X_train, X_test, y_train, y_test = train_test_split(
    X, y, test_size=0.25, random_state=RANDOM_STATE, stratify=y
)

cat_cols = X.select_dtypes(include=["object"]).columns.tolist()
num_cols = X.select_dtypes(include=[np.number]).columns.tolist()

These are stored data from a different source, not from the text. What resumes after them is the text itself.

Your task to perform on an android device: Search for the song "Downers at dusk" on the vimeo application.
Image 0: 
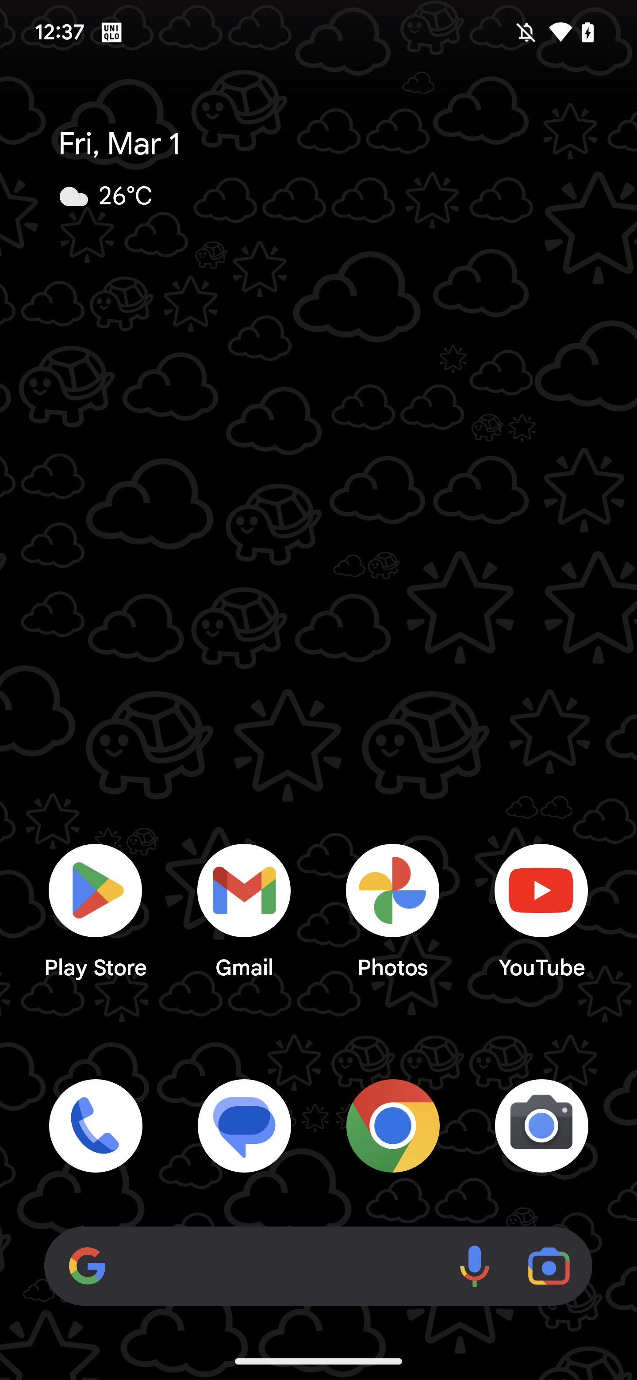
Open the vimeo app.
Step 0: open app "Vimeo"
Image 1: 
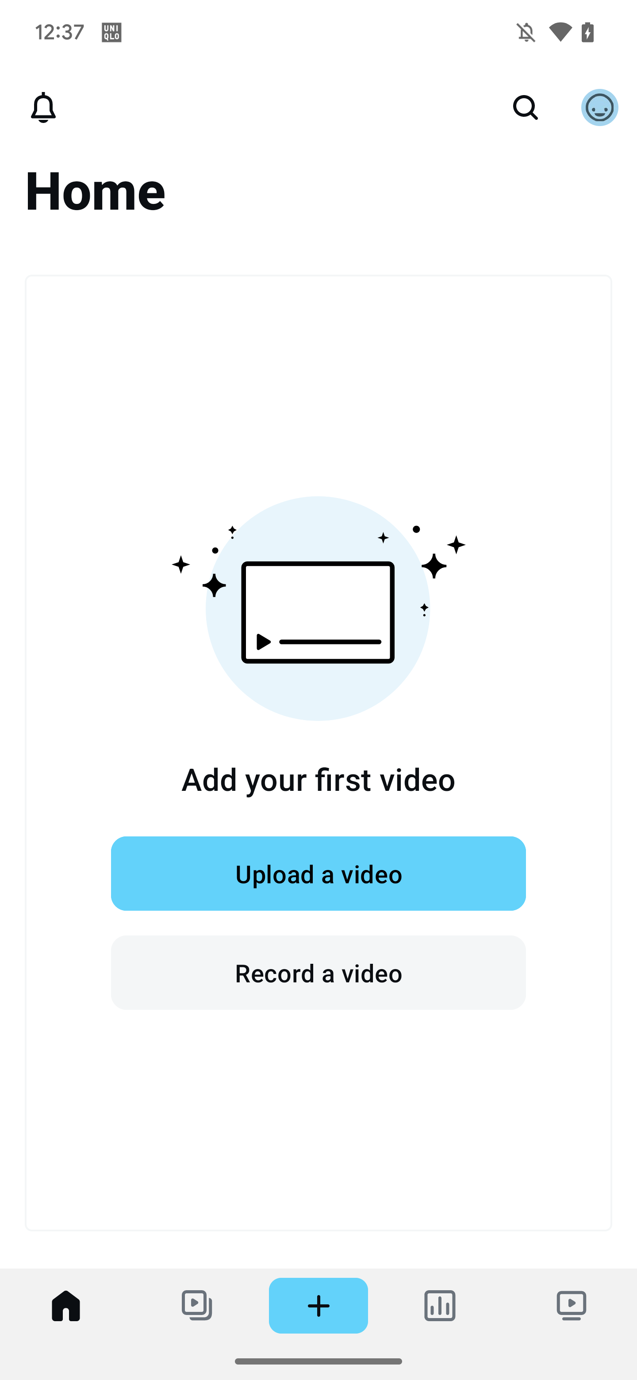
Tap on the watch section at the bottom right corner of the screen.
Step 1: click (571, 1306)
Image 2: 
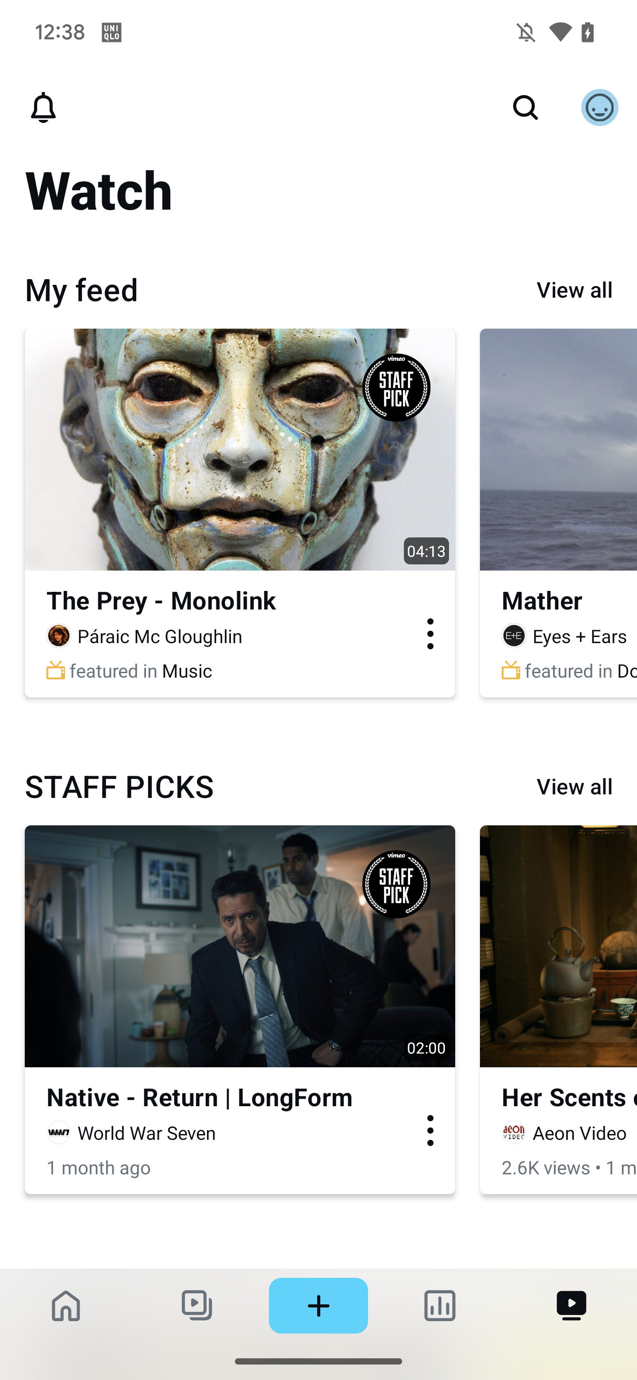
Click on the search icon on the top right of the screen.
Step 2: click (525, 107)
Image 3: 
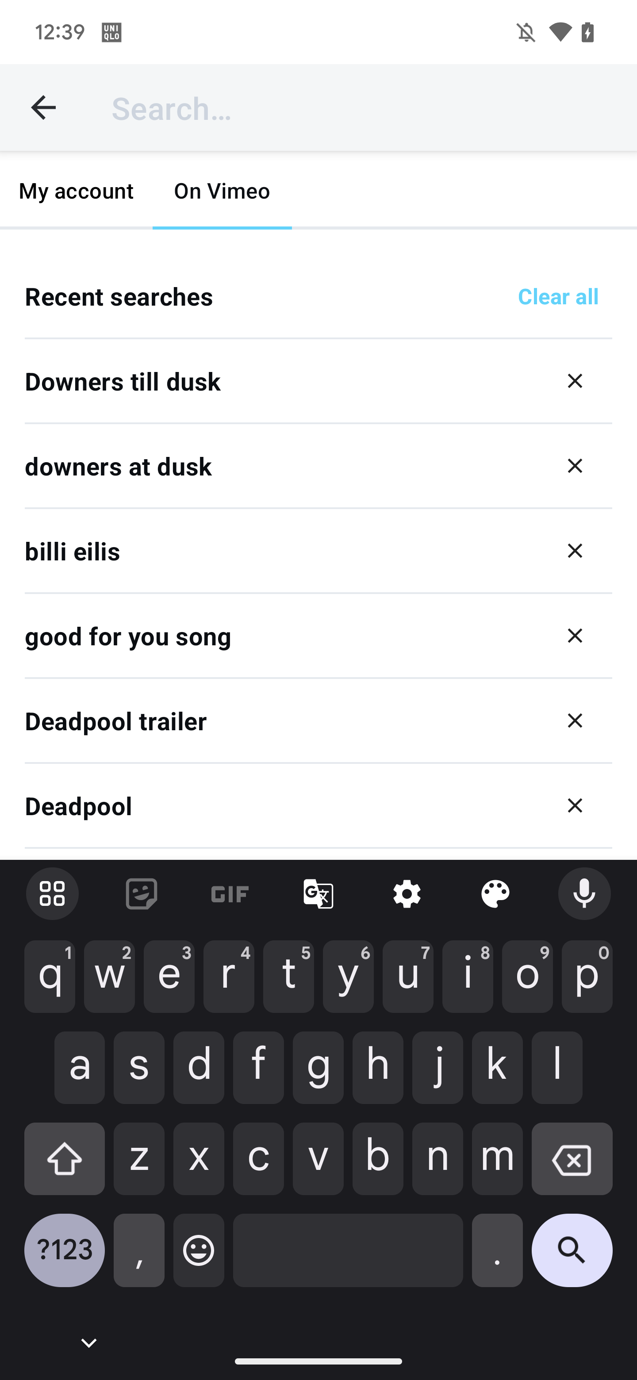
Put "Downers at dusk" in the text input box.
Step 3: type "Downers at dusk"
Image 4: 
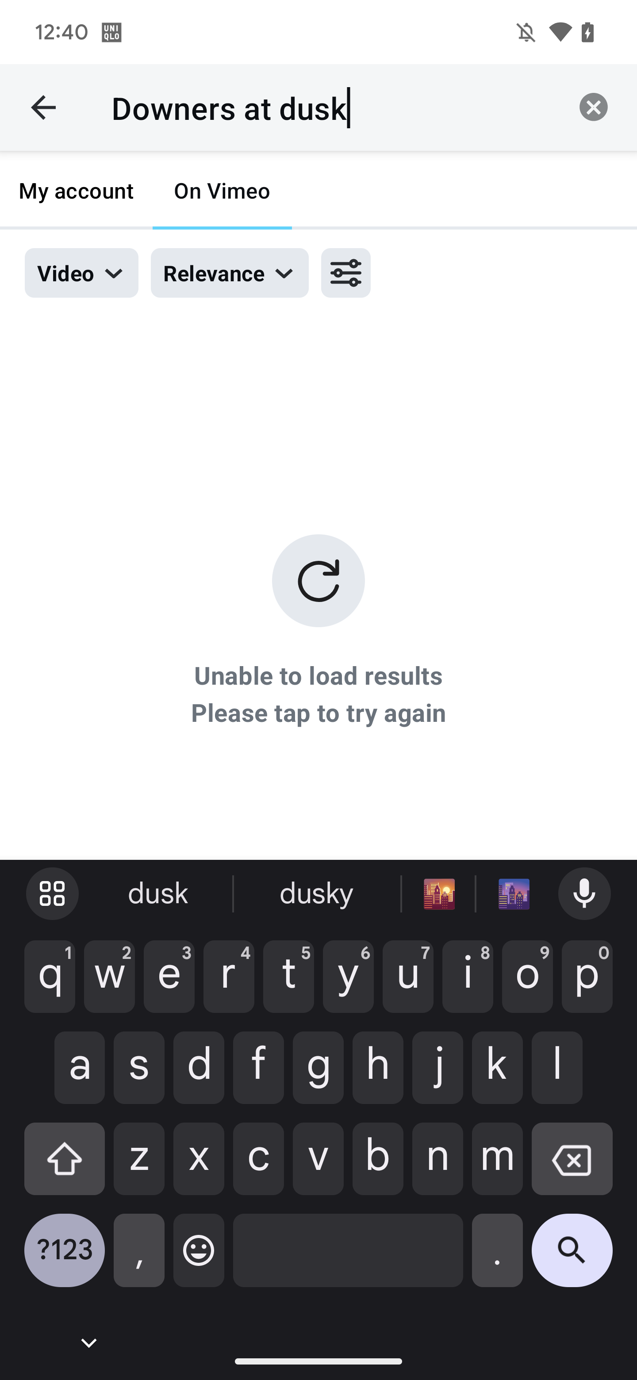
Click on the search button at the bottom right corner of the keyboard.
Step 4: click (572, 1259)
Image 5: 
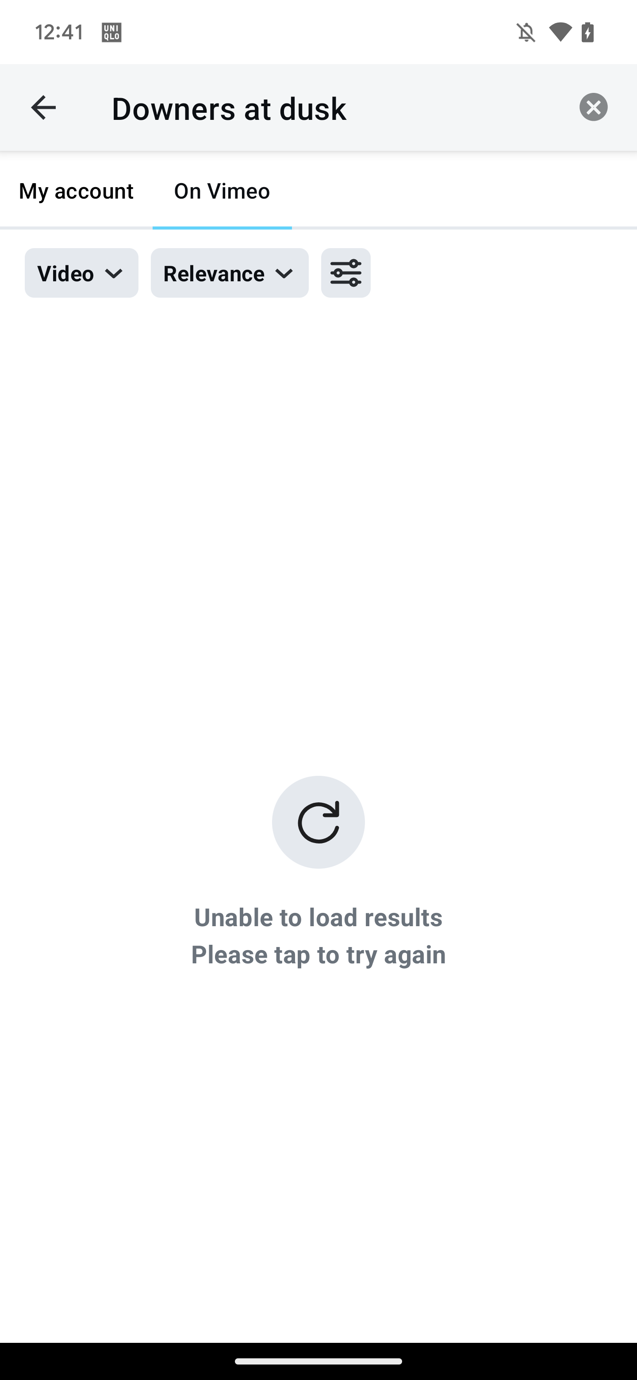
Click on the search button at the bottom right corner of the keyboard.
Step 5: wait

print("Categorical cols:", cat_cols)
print("Numeric cols:", len(num_cols))

# ============== 7) PREPROCESSING PIPELINE ==============
preprocess = ColumnTransformer(
    transformers=[
        ("cat", OneHotEncoder(handle_unknown="ignore"), cat_cols),
        ("num", "passthrough", num_cols),
    ]
)

# ============== 8) LOGISTIC REGRESSION BASELINE ==============
logreg = Pipeline(steps=[
    ("prep", preprocess),
    ("model", LogisticRegression(max_iter=2000))
])

logreg.fit(X_train, y_train)
p = logreg.predict_proba(X_test)[:, 1]
yhat = (p >= 0.5).astype(int)

print("\n=== Logistic Regression ===")
print("AUC:", roc_auc_score(y_test, p))
print("F1:", f1_score(y_test, yhat))
print("Accuracy:", accuracy_score(y_test, yhat))
print("Confusion Matrix:\n", confusion_matrix(y_test, yhat))
print("\nReport:\n", classification_report(y_test, yhat, digits=3))

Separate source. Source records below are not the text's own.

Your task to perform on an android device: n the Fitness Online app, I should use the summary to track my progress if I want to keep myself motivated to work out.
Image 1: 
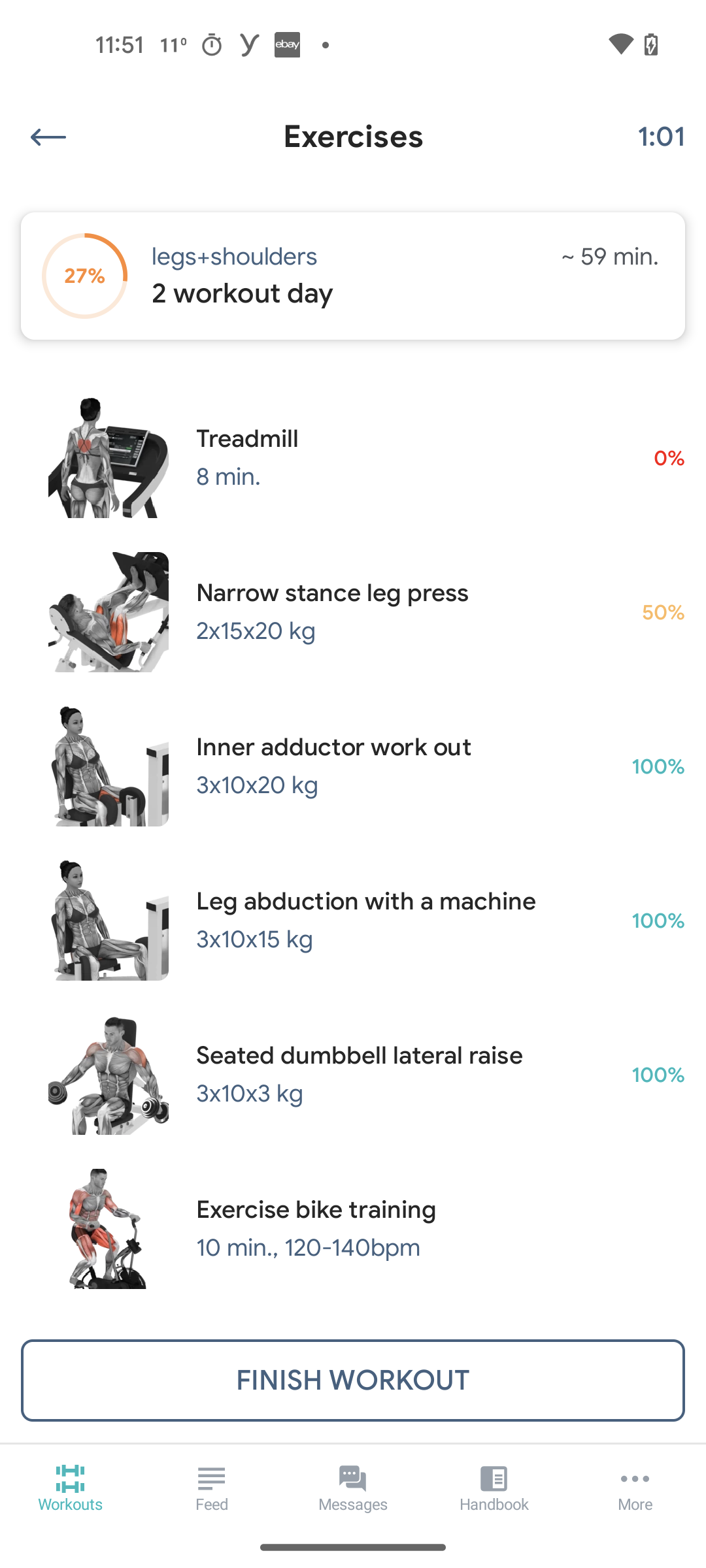
Click on the finish workout tab
Step 1: click (352, 1380)
Image 2: 
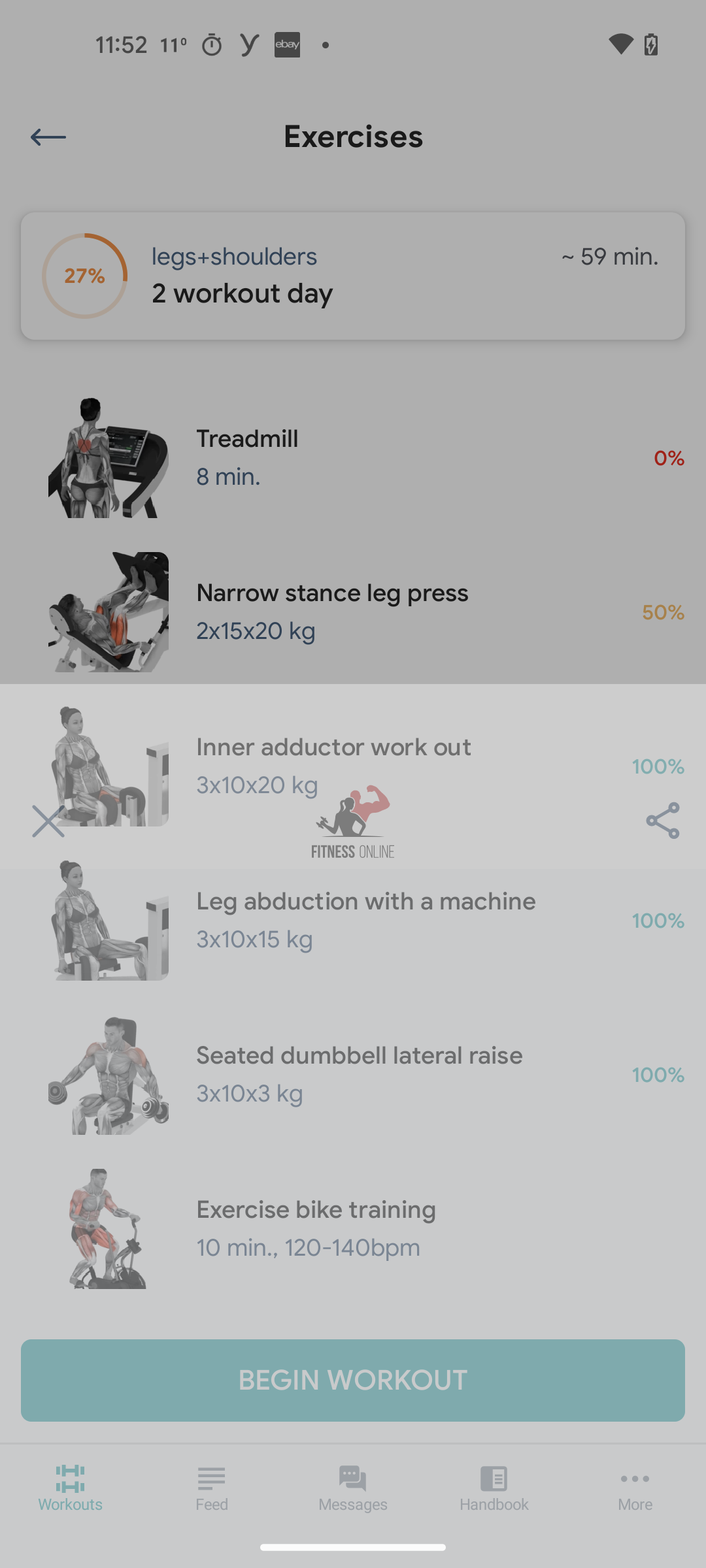
Click on the finish workout tab
Step 2: wait

# ============== 9) RANDOM FOREST ==============
rf = Pipeline(steps=[
    ("prep", preprocess),
    ("model", RandomForestClassifier(
        n_estimators=400, random_state=RANDOM_STATE,
        class_weight="balanced_subsample", n_jobs=-1
    ))
])

rf.fit(X_train, y_train)
p = rf.predict_proba(X_test)[:, 1]
yhat = (p >= 0.5).astype(int)

print("\n=== Random Forest ===")
print("AUC:", roc_auc_score(y_test, p))
print("F1:", f1_score(y_test, yhat))
print("Accuracy:", accuracy_score(y_test, yhat))
print("Confusion Matrix:\n", confusion_matrix(y_test, yhat))

# ============== 10) OPTIONAL: XGBOOST ==============
from xgboost import XGBClassifier

xgb = Pipeline(steps=[
    ("prep", preprocess),
    ("model", XGBClassifier(
        n_estimators=500,
        max_depth=5,
        learning_rate=0.05,
        subsample=0.9,
        colsample_bytree=0.9,
        reg_lambda=1.0,
        random_state=RANDOM_STATE,
        eval_metric="logloss",
        n_jobs=-1
    ))
])

xgb.fit(X_train, y_train)
p = xgb.predict_proba(X_test)[:, 1]
yhat = (p >= 0.5).astype(int)

print("\n=== XGBoost ===")
print("AUC:", roc_auc_score(y_test, p))
print("F1:", f1_score(y_test, yhat))
print("Accuracy:", accuracy_score(y_test, yhat))
print("Confusion Matrix:\n", confusion_matrix(y_test, yhat))

# ============== 11) OPTIONAL: SHAP (XGBoost) ==============
import shap

prep = xgb.named_steps["prep"]
model = xgb.named_steps["model"]

X_test_t = prep.transform(X_test)

ohe = prep.named_transformers_["cat"]
cat_feature_names = ohe.get_feature_names_out(cat_cols).tolist()
feature_names = cat_feature_names + num_cols

sample_n = min(2000, X_test_t.shape[0])
idx = np.random.RandomState(RANDOM_STATE).choice(X_test_t.shape[0], sample_n, replace=False)
X_shap = X_test_t[idx]

explainer = shap.TreeExplainer(model)
shap_values = explainer.shap_values(X_shap)

shap.summary_plot(shap_values, features=X_shap, feature_names=feature_names, show=False)
plt.tight_layout()
plt.show()

# ============== 12) SAVE MASTER TABLE USED FOR MODELING ==============
out_path = f"/content/oulad_master_week{EARLY_WEEK}.csv"
df.to_csv(out_path, index=False)
print("✅ Saved:", out_path)

# Tip: change EARLY_WEEK to 2,4,6,8 and compare AUC/F1 for "early warning" analysis.